## Task directions
Copy each line of the data that has "item" in it.

## Available data
--- --- ---

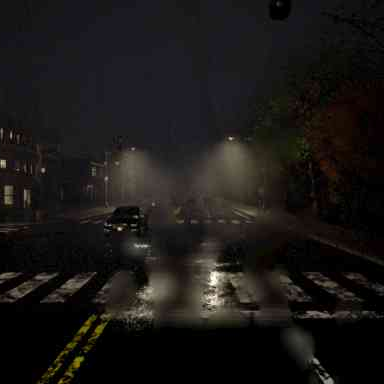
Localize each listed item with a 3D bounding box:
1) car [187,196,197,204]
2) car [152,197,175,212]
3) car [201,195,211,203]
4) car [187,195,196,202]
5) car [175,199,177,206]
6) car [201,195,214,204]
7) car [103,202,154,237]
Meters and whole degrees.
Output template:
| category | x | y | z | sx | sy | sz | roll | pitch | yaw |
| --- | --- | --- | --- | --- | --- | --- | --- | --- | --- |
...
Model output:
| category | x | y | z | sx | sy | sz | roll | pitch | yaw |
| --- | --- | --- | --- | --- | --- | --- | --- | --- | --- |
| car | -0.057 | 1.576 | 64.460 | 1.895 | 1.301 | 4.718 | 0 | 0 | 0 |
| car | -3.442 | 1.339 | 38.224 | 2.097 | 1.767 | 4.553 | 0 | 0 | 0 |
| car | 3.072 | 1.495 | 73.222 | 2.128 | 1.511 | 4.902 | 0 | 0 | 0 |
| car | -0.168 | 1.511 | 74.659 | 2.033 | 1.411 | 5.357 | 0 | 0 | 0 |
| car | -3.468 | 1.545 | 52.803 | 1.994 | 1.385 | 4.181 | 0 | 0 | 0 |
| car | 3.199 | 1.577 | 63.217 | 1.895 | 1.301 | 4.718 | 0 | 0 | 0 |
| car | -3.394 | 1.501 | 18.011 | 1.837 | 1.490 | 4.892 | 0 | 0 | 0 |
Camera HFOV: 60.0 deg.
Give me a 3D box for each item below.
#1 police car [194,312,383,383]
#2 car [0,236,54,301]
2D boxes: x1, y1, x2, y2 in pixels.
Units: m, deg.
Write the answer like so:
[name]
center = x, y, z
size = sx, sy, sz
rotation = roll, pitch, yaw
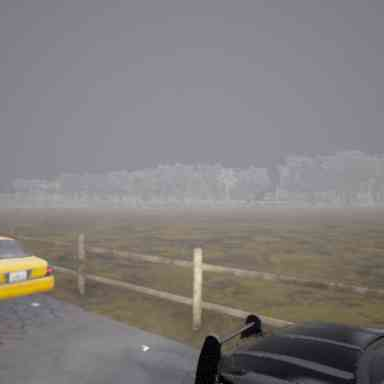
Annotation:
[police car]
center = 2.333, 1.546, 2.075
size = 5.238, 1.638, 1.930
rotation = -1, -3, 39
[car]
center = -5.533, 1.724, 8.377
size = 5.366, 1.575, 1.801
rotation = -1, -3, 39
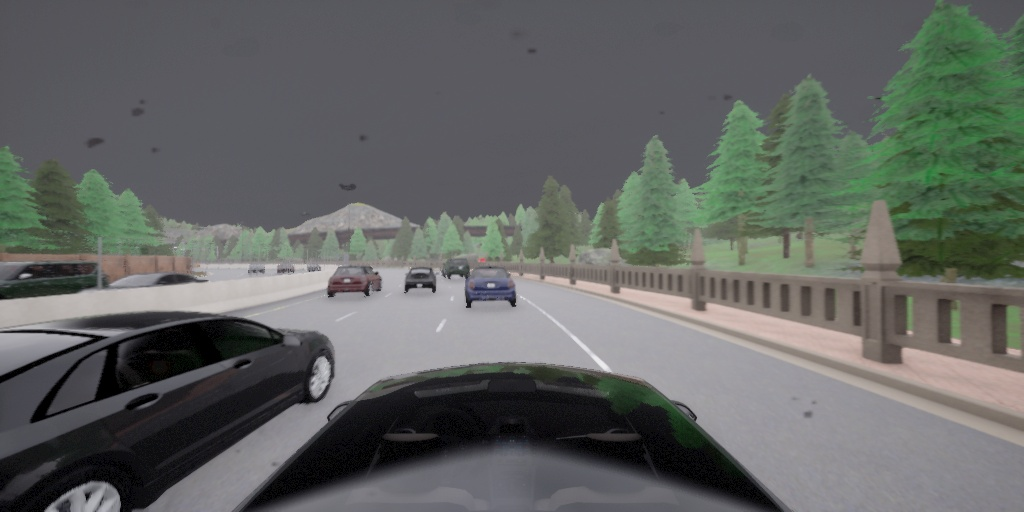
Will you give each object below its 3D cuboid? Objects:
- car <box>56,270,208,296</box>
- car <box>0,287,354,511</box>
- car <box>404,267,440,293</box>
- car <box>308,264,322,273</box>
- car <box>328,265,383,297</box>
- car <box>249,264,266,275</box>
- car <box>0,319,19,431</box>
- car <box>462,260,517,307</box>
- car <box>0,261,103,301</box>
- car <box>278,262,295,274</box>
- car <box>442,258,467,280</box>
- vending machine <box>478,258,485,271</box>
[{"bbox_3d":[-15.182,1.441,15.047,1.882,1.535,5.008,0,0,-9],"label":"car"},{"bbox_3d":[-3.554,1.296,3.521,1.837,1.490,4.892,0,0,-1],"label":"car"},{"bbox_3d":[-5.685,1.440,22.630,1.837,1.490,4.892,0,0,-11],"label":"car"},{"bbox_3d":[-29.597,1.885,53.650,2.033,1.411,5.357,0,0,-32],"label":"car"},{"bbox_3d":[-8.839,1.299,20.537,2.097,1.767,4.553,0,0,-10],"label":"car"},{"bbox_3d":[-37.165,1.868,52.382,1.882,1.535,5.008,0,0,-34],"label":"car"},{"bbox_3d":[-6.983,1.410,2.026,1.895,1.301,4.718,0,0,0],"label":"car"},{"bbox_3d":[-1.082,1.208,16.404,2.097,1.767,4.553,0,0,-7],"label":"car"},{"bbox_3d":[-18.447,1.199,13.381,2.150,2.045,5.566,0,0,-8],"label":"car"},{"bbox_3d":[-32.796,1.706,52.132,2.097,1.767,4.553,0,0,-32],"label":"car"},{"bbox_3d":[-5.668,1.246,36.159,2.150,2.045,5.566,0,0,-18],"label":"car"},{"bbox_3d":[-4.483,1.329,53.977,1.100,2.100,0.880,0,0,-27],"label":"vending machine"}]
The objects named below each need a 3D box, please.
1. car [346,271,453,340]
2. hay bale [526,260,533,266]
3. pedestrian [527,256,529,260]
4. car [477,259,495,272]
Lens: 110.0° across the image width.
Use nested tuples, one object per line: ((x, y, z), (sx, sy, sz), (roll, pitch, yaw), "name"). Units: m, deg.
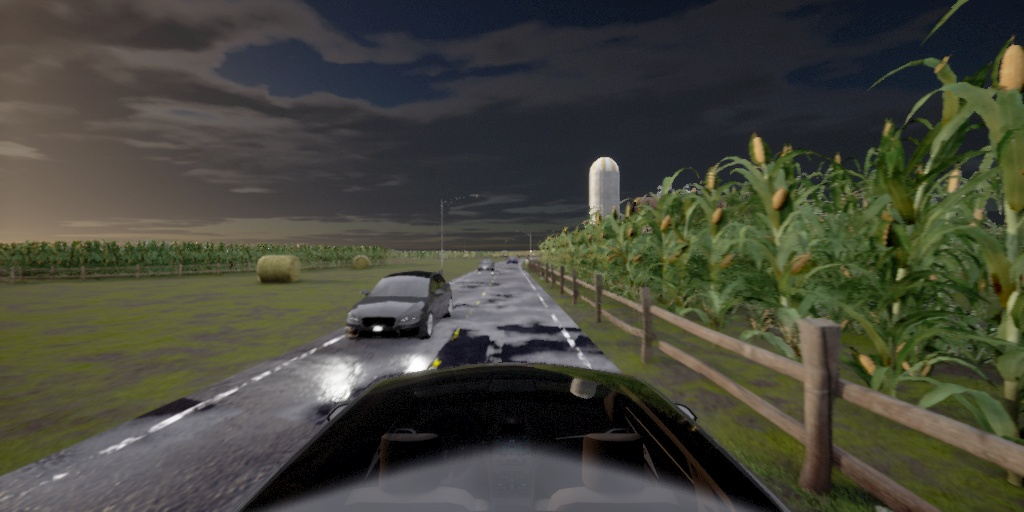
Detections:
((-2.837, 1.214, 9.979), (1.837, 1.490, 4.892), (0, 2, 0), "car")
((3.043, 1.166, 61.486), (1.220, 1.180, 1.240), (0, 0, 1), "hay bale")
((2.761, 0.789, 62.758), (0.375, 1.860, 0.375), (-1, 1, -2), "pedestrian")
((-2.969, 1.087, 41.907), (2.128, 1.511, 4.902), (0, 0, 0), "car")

--- --- ---

## Result
Localize each listed item with a 3D bounding box:
Give me a 3D box for each item below.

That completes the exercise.